"Hoje eu não quero conversas vestidas de uniforme. Diálogos
impecavelmente arrumados que não deixam o coração à mostra.
As palavras podem sair de casa sem maquiagem. Podem surgir com
os cabelos desalinhados, livres de roupas que as apertem, como se
tivesse acabado de acordar. Dispensa-se tons acadêmicos, defesas
de tese, regras para impressionar o interlocutor. O único requinte deve ser o
sentimento. É desnecessário tentar entender qualquer coisa. Tentar
solucionar qualquer problema. Buscar salvamento para o quer que seja.
(...)
Hoje me fala de você. Dos momentos em que a vida lhe doeu tanto
que você achou que não iria aguentar. Fala das músicas que compõem
a sua trilha sonora. Dos poemas que você poderia ter escrito, de tanto que
traduzem a sua alma. Senta perto de mim e mesmo que estejamos rodeados
por buzinas, gente apressada, perigos iminentes, faz de conta que a gente
está conversando no quintal de casa, descascando uma laranja, os pés descalços,
sem nenhum compromisso chato a nossa espera. A gente já brincou tanto de
faz-de-conta quando era criança, onde foi que a gente se esqueceu como se
chega a esse lugar de inocência? Fala da lua que você admirou outra noite
dessas, no céu. Da borboleta que lhe chamou à atenção por tanta beleza,
abraçada a alguma flor, como se existisse apenas aquele abraço. Diz se
quando você acorda ainda ouve passarinhos, mesmo que não possa identificar
de onde vem o canto. Diz se a sua mãe cantava para fazer você dormir.
(...)
Senta perto e me conta o que você sentiu quando viu o mar pela primeira vez
e o que sente quando olha para ele, tantas vezes depois. Se tinha jardim na casa
da sua infância, me diz que flores riam por lá. Conta há quanto tempo não vê uma
joaninha. Se tinha algum apelido na escola. Se consegue se imaginar bem velhinho.

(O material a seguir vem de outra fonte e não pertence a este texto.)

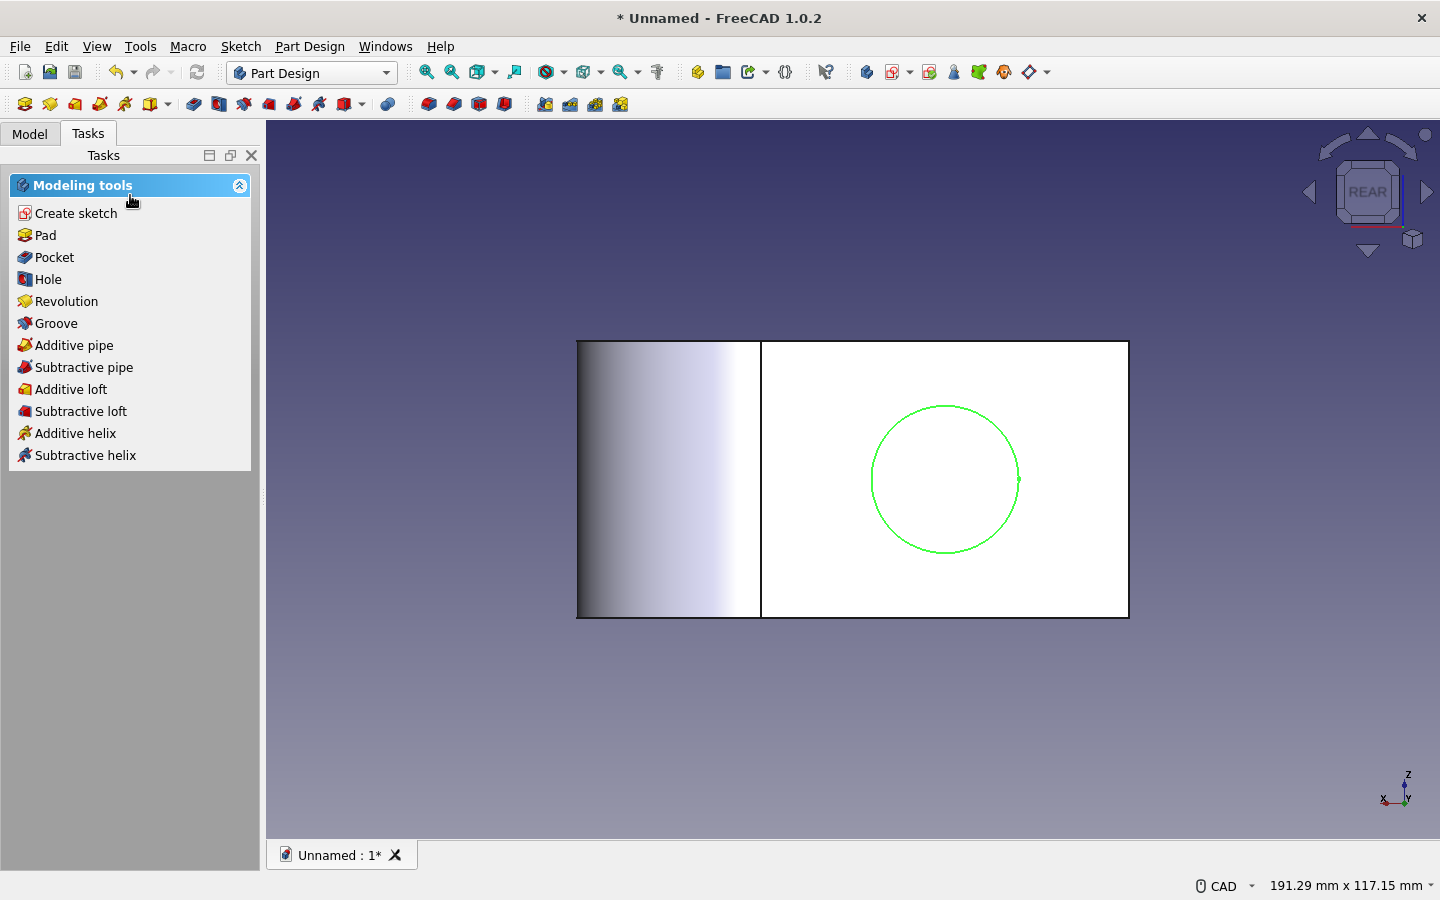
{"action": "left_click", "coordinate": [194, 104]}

Fala da sua família, a de origem ou a que formou. Das pessoas que não têm o seu
sobrenome, mas são familiares pra sua alma. Fala de quem passou pela sua vida
e nem sabe o quanto foi importante. Daqueles que sabem e você nem consegue
dizer o tamanho que têm de verdade. Fala daquele animal de estimação que deitava
junto a seus pés, solidário, quando você estava triste. Diz o que vai ser bacana
encontrar quando, bem lá na frente, olhar para o caminho que fez no mundo, em
retrospectiva.
(...)
Não precisa ter pauta, seguir roteiro, deixa a conversa acontecer de improviso, uma
lembrança puxando a outra pela mão, mas conta de você e deixa eu contar de mim.
Dessas coisas. De outras parecidas. Ouve também com os olhos. Escuta o que eu digo
quando nem digo nada: a boca é o que menos fala no corpo. Não antecipe as minhas palavras.
Não se impaciente com o meu tempo de dizer. Não me pergunte coisas que vão fazer
a minha razão se arrumar toda para responder. Uma conversa sem vaidade, ninguém
quer saber qual história é a mais feliz ou a mais desditosa."
(...)
Hoje eu quero conversar com um amigo pra falar também das coisas bacanas da vida.
As miudezas dela. A grandeza dela. A roda-gigante que ela é, mesmo quando a gente
vive como se estivesse convencido de que ela é trem-fantasma o tempo inteiro. Um
amigo pra falar de coisas sensíveis. Do quanto o ser humano pode ser bondoso, honesto,
afetuoso, divertido e outras belezas. Dos lugares onde os nossos olhos já pousaram e
daqueles onde pousam agora. Um amigo para conversar horas adentro, com leveza, de
coisas muito simples, como a gente já fez mais amiúde e parece ter desaprendido como
faz. Um amigo para se conversar com o coração.
(...)
E se não quisermos, não pudermos, não soubermos, com palavras, nos dizer um pouco
um para o outro, senta ao meu lado assim mesmo. Deixa os nossos olhos se encontrarem
vez ou outra até nascer aquele sorriso bom que acontece quando a vida da gente se sente
olhada com amor. Senta apenas ao meu lado e deixa o meu silêncio conversar com o seu.
Às vezes, a gente nem precisa mesmo de palavras."